Initital pressing of 500 copies with stunning full colour artwork. A 78
minute collection of selected tracks recorded 1993-1997 including the
odd deleted single and remix; although by and large it is quality
unreleased material, ranging from the trademark dark breakbeat dub to
orchestral weirdness to low atmospherics...no easy listens here...
[Taken from the Aquese Web Site]


Track Listing

1. Bellon 1
2. There Is Nothing Than Other
3. Stringsong 3
4. Darkheart
5. Untitled (Again)
6. Left For Dead...
7. ...Behind The Outside Boundaries
8. Sertraline
9. Natols
10. Irises And Tulips
11. No Longer Feel Pain
12. Bleed
13. Amplifier
14.  Heaven And A Hope Eternal


     Mmmm... what a wonderful release. It's smooth and deliciously tempting with deep bassy hydraulic drones of differential timbre, clinking, chiming and clanks ("Bellon 1").

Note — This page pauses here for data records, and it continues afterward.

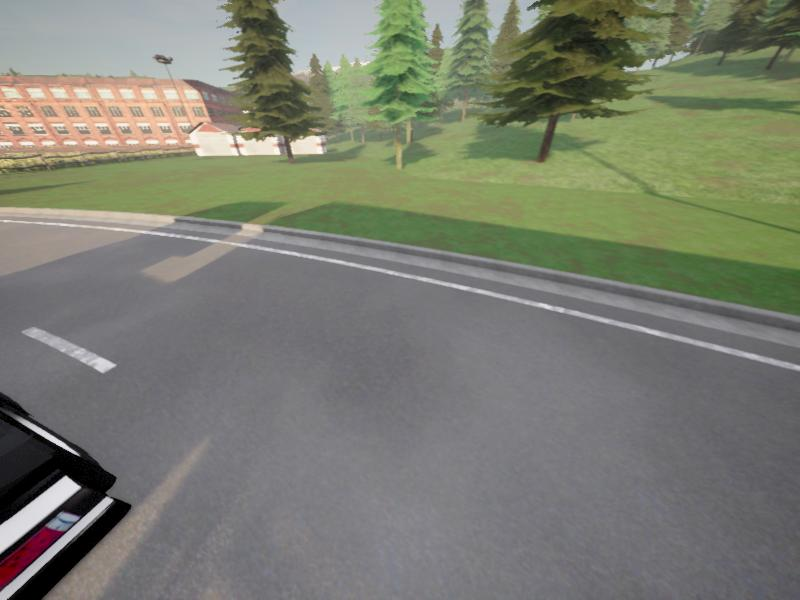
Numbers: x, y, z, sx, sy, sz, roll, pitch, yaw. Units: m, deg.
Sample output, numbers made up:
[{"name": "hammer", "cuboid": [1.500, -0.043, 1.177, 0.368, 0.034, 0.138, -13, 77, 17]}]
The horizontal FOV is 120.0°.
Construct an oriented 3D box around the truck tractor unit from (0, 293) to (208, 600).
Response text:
[{"name": "truck tractor unit", "cuboid": [-5.253, -0.125, 0.548, 6.516, 4.208, 3.053, 12, 37, 17]}]

Swishy drum and bass with droning faded hornlike atmospherics, and synth sampling of strange noises abound in "There Is Nothing Than Other", "Stringsong 3", "Sertraline", (which brings to mind M. Harris from Scorn.) Lengthy evil drones touched lightly with synthetic high pitches, rumbles, and lurking swirls of ambience expand in "Darkheart."  Leading to "Untitled", a sassy exchange between elements of percussion, tempo, beat and minimal keyboard work, brilliantly delightful.
    "Left For Dead" moves into yet uncharted sounds on this release, powerful noisey drum/bass/hydraulic injections flow together to bring brief walls of tasty noise then slowly fades into a wicked off key chaotic end.  "...Behind The Outside Boundaries", is yet another strange track, upbeat in tempo, it even seems a bit happy in sound and synth, more power drum and bass, horn samples and a marchlike quality.
    More atmospheric textures, drum/bass, intense beats and whipping synth sampling kicks on "Natols", while a more quiet track comes next with the title track "Irises And Tulips", more of that hydraulic drone with fade in timbre plus clinklings of bells, low beating bass and a electro-slaps keeping pace, very nice. The last four tracks are for the most part in keeping with the rest of the CD. Dark, methodic, well composed, very synthetic, churning electronic drones, whirrs and chinkling chimes, powerful elements of percussion (drum/bass/metal de metal, valve-like compressions), a taste of dark orchestral movements ("Amplifier" [I believe this is a live version), and enough diversity to retain my interest ("Heaven And Hope Eternal") and spin this CD on a regular basis. Definitely music with which to pay attention.